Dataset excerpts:
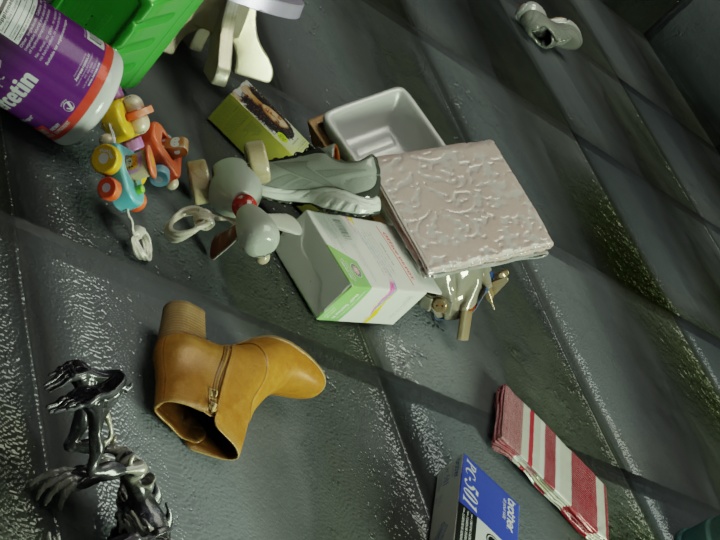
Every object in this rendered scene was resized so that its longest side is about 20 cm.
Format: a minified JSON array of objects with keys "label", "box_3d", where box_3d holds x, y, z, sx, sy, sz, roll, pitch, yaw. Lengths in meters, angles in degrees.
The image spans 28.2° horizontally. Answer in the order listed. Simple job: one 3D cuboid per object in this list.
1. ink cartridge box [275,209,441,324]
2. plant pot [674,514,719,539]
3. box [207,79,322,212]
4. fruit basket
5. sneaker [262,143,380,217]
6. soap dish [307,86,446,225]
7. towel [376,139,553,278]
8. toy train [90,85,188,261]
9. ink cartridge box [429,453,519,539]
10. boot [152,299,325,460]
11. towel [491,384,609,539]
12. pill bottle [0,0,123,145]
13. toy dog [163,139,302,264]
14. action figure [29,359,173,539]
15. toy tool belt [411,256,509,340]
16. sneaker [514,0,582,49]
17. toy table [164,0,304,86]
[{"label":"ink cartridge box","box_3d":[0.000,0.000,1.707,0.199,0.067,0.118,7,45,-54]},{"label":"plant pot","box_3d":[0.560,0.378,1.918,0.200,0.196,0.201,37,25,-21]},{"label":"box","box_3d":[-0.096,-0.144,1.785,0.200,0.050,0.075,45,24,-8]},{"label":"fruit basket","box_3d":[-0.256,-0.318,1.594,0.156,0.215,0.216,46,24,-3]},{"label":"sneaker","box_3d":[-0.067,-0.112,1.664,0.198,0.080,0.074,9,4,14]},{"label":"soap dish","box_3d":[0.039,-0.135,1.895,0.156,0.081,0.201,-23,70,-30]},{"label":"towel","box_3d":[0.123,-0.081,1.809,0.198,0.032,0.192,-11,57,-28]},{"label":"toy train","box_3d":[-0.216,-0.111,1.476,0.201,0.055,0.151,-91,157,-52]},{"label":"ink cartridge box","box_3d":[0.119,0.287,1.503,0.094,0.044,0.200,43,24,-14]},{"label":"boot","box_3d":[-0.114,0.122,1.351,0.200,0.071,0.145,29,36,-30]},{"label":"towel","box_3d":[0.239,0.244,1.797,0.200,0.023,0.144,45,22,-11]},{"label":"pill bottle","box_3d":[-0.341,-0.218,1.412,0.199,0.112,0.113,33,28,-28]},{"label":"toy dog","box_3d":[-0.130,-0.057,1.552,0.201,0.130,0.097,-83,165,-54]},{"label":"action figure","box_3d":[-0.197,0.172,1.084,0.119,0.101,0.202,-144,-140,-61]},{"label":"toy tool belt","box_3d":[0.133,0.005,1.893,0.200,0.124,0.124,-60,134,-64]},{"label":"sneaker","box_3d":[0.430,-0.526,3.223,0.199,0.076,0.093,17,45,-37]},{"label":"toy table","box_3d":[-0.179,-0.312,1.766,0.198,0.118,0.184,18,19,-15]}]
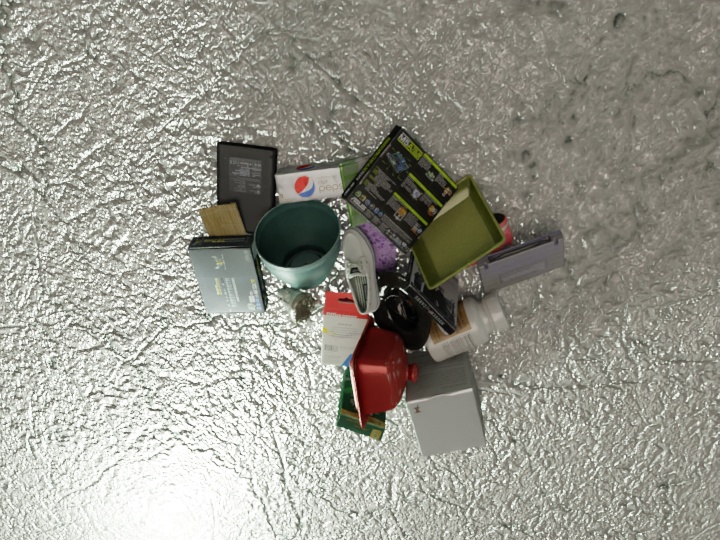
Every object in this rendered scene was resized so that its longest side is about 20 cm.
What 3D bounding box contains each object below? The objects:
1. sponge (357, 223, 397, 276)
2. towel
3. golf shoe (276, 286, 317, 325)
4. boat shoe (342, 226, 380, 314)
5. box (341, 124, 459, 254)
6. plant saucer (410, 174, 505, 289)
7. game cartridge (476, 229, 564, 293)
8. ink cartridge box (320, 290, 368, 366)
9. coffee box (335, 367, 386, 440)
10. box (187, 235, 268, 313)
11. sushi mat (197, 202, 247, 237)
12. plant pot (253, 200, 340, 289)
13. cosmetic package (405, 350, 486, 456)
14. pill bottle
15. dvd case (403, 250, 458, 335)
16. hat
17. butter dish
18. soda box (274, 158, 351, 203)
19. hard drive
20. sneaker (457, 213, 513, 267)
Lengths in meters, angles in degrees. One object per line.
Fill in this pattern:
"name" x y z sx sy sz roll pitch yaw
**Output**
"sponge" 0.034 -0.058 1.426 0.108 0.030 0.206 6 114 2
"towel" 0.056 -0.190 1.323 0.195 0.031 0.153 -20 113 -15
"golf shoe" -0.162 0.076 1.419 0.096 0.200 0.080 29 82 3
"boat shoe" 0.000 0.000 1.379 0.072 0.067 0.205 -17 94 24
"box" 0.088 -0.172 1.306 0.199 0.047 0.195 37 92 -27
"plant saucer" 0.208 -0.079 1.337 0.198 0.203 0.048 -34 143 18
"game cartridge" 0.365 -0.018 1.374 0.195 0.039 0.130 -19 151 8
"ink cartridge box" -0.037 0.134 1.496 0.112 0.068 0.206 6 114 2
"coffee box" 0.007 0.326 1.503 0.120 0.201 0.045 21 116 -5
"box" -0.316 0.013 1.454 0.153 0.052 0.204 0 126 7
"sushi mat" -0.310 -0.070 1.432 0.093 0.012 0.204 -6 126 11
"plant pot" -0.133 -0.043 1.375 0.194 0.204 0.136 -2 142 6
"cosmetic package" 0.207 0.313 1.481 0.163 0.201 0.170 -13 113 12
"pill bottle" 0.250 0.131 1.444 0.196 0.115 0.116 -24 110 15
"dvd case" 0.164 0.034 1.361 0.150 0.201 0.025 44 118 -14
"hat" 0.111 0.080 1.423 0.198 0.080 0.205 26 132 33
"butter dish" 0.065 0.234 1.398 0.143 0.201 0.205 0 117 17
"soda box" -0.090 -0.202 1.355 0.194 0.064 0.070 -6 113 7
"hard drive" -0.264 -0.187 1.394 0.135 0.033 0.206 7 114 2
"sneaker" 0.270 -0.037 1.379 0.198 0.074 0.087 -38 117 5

WORK TO COMPLETE -
In the answer, the entries should be restated verbatim, with all pictures omitted.

RESULT OF THE TASK -
Every object in this rendered scene was resized so that its longest side is about 20 cm.
Format: a minified JSON array of objects with keys "label", "box_3d", where box_3d holds x, y, z, sx, sy, sz, roll, pitch, yaw. Lengths in meters, angles in degrees.
The image spans 28.2° horizontally. Answer in the order listed. Simple job: one 3D cuboid per object in this list.
1. ink cartridge box [275,209,441,324]
2. plant pot [674,514,719,539]
3. box [207,79,322,212]
4. fruit basket
5. sneaker [262,143,380,217]
6. soap dish [307,86,446,225]
7. towel [376,139,553,278]
8. toy train [90,85,188,261]
9. ink cartridge box [429,453,519,539]
10. boot [152,299,325,460]
11. towel [491,384,609,539]
12. pill bottle [0,0,123,145]
13. toy dog [163,139,302,264]
14. action figure [29,359,173,539]
15. toy tool belt [411,256,509,340]
16. sneaker [514,0,582,49]
17. toy table [164,0,304,86]
[{"label":"ink cartridge box","box_3d":[0.000,0.000,1.707,0.199,0.067,0.118,7,45,-54]},{"label":"plant pot","box_3d":[0.560,0.378,1.918,0.200,0.196,0.201,37,25,-21]},{"label":"box","box_3d":[-0.096,-0.144,1.785,0.200,0.050,0.075,45,24,-8]},{"label":"fruit basket","box_3d":[-0.256,-0.318,1.594,0.156,0.215,0.216,46,24,-3]},{"label":"sneaker","box_3d":[-0.067,-0.112,1.664,0.198,0.080,0.074,9,4,14]},{"label":"soap dish","box_3d":[0.039,-0.135,1.895,0.156,0.081,0.201,-23,70,-30]},{"label":"towel","box_3d":[0.123,-0.081,1.809,0.198,0.032,0.192,-11,57,-28]},{"label":"toy train","box_3d":[-0.216,-0.111,1.476,0.201,0.055,0.151,-91,157,-52]},{"label":"ink cartridge box","box_3d":[0.119,0.287,1.503,0.094,0.044,0.200,43,24,-14]},{"label":"boot","box_3d":[-0.114,0.122,1.351,0.200,0.071,0.145,29,36,-30]},{"label":"towel","box_3d":[0.239,0.244,1.797,0.200,0.023,0.144,45,22,-11]},{"label":"pill bottle","box_3d":[-0.341,-0.218,1.412,0.199,0.112,0.113,33,28,-28]},{"label":"toy dog","box_3d":[-0.130,-0.057,1.552,0.201,0.130,0.097,-83,165,-54]},{"label":"action figure","box_3d":[-0.197,0.172,1.084,0.119,0.101,0.202,-144,-140,-61]},{"label":"toy tool belt","box_3d":[0.133,0.005,1.893,0.200,0.124,0.124,-60,134,-64]},{"label":"sneaker","box_3d":[0.430,-0.526,3.223,0.199,0.076,0.093,17,45,-37]},{"label":"toy table","box_3d":[-0.179,-0.312,1.766,0.198,0.118,0.184,18,19,-15]}]
Every object in this rendered scene was resized so that its longest side is about 20 cm.
What 3D bounding box contains each object below? The objects:
1. sponge (357, 223, 397, 276)
2. towel
3. golf shoe (276, 286, 317, 325)
4. boat shoe (342, 226, 380, 314)
5. box (341, 124, 459, 254)
6. plant saucer (410, 174, 505, 289)
7. game cartridge (476, 229, 564, 293)
8. ink cartridge box (320, 290, 368, 366)
9. coffee box (335, 367, 386, 440)
10. box (187, 235, 268, 313)
11. sushi mat (197, 202, 247, 237)
12. plant pot (253, 200, 340, 289)
13. cosmetic package (405, 350, 486, 456)
14. pill bottle
15. dvd case (403, 250, 458, 335)
16. hat
17. butter dish
18. soda box (274, 158, 351, 203)
19. hard drive
20. sneaker (457, 213, 513, 267)
Lengths in meters, angles in degrees. One object per line.
Fill in this pattern:
"name" x y z sx sy sz roll pitch yaw
**Output**
"sponge" 0.034 -0.058 1.426 0.108 0.030 0.206 6 114 2
"towel" 0.056 -0.190 1.323 0.195 0.031 0.153 -20 113 -15
"golf shoe" -0.162 0.076 1.419 0.096 0.200 0.080 29 82 3
"boat shoe" 0.000 0.000 1.379 0.072 0.067 0.205 -17 94 24
"box" 0.088 -0.172 1.306 0.199 0.047 0.195 37 92 -27
"plant saucer" 0.208 -0.079 1.337 0.198 0.203 0.048 -34 143 18
"game cartridge" 0.365 -0.018 1.374 0.195 0.039 0.130 -19 151 8
"ink cartridge box" -0.037 0.134 1.496 0.112 0.068 0.206 6 114 2
"coffee box" 0.007 0.326 1.503 0.120 0.201 0.045 21 116 -5
"box" -0.316 0.013 1.454 0.153 0.052 0.204 0 126 7
"sushi mat" -0.310 -0.070 1.432 0.093 0.012 0.204 -6 126 11
"plant pot" -0.133 -0.043 1.375 0.194 0.204 0.136 -2 142 6
"cosmetic package" 0.207 0.313 1.481 0.163 0.201 0.170 -13 113 12
"pill bottle" 0.250 0.131 1.444 0.196 0.115 0.116 -24 110 15
"dvd case" 0.164 0.034 1.361 0.150 0.201 0.025 44 118 -14
"hat" 0.111 0.080 1.423 0.198 0.080 0.205 26 132 33
"butter dish" 0.065 0.234 1.398 0.143 0.201 0.205 0 117 17
"soda box" -0.090 -0.202 1.355 0.194 0.064 0.070 -6 113 7
"hard drive" -0.264 -0.187 1.394 0.135 0.033 0.206 7 114 2
"sneaker" 0.270 -0.037 1.379 0.198 0.074 0.087 -38 117 5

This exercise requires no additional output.